* **Exercise description**: Nothing but the lines from the one containing "Formatted like this" through the last line of the entries should appear in the output, each verbatim.

*** Records supplied ***

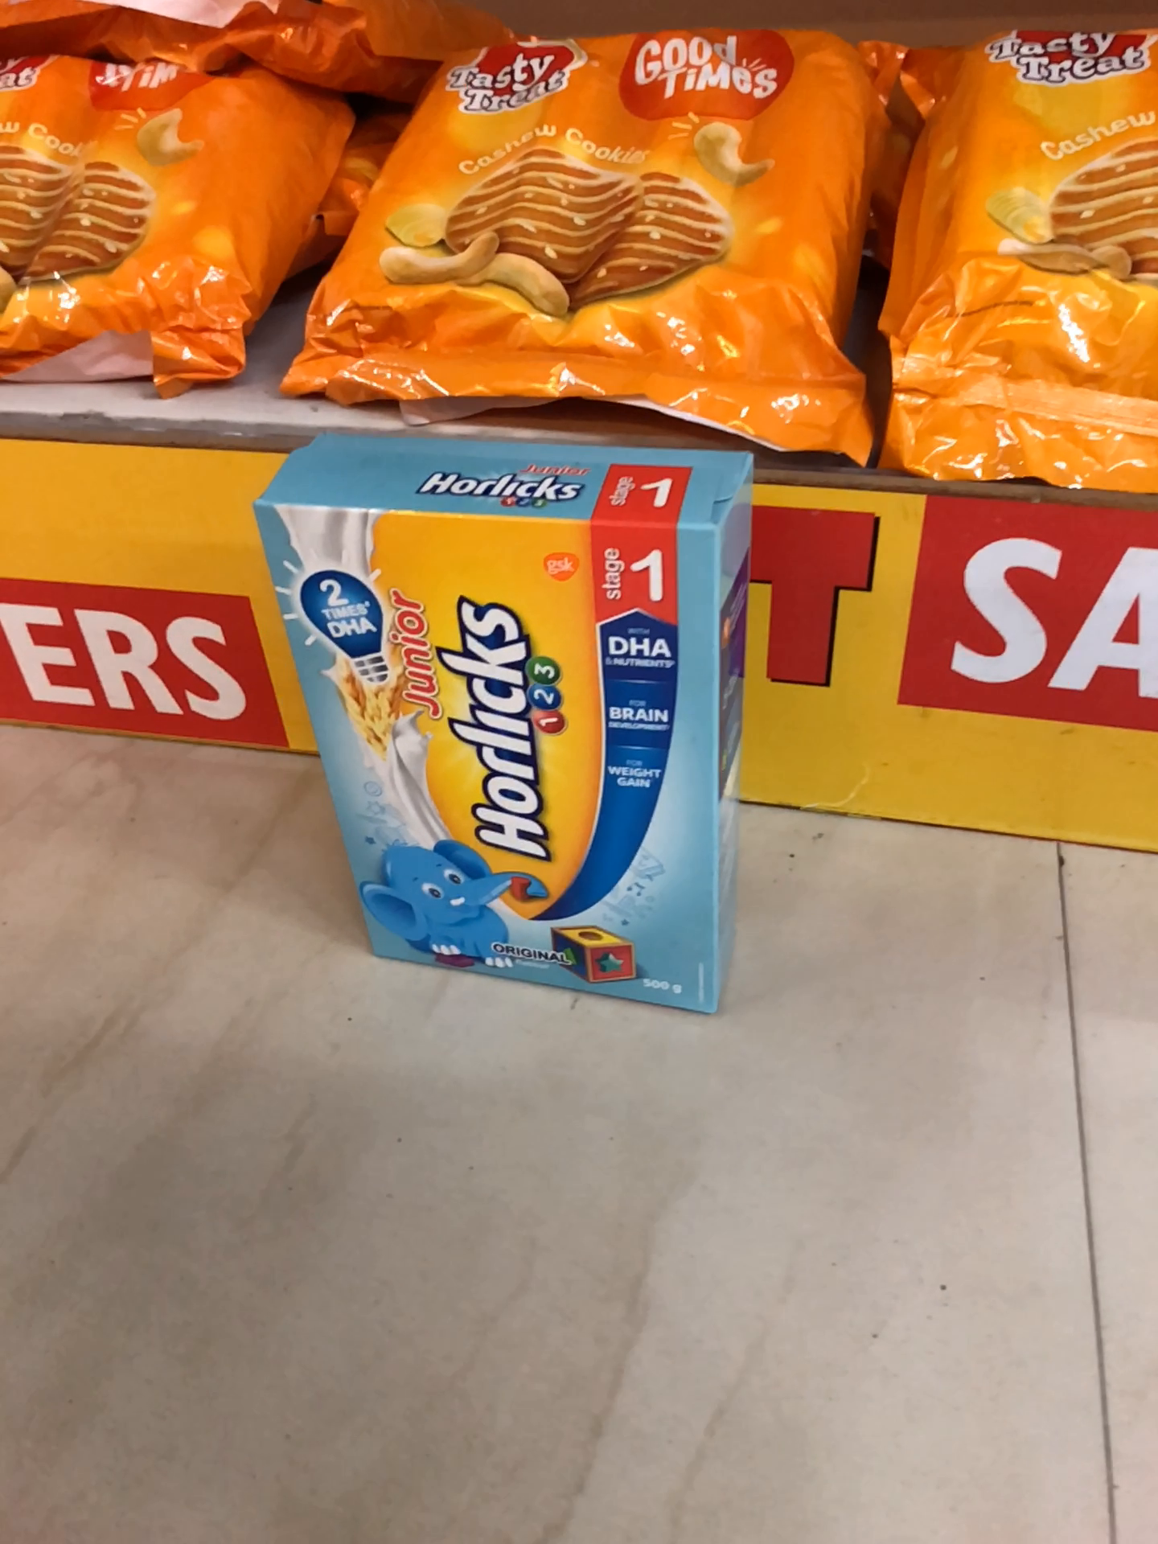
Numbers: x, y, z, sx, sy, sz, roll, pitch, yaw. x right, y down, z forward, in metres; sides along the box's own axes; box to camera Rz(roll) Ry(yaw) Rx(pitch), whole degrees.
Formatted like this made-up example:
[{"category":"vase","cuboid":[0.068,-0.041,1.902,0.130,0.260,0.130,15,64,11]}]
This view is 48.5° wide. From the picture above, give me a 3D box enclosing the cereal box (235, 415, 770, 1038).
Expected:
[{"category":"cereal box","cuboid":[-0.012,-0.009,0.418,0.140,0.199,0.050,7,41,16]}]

*** End of Records supplied ***

* **Reply to the task**:
Formatted like this made-up example:
[{"category":"vase","cuboid":[0.068,-0.041,1.902,0.130,0.260,0.130,15,64,11]}]
This view is 48.5° wide. From the picture above, give me a 3D box enclosing the cereal box (235, 415, 770, 1038).
Expected:
[{"category":"cereal box","cuboid":[-0.012,-0.009,0.418,0.140,0.199,0.050,7,41,16]}]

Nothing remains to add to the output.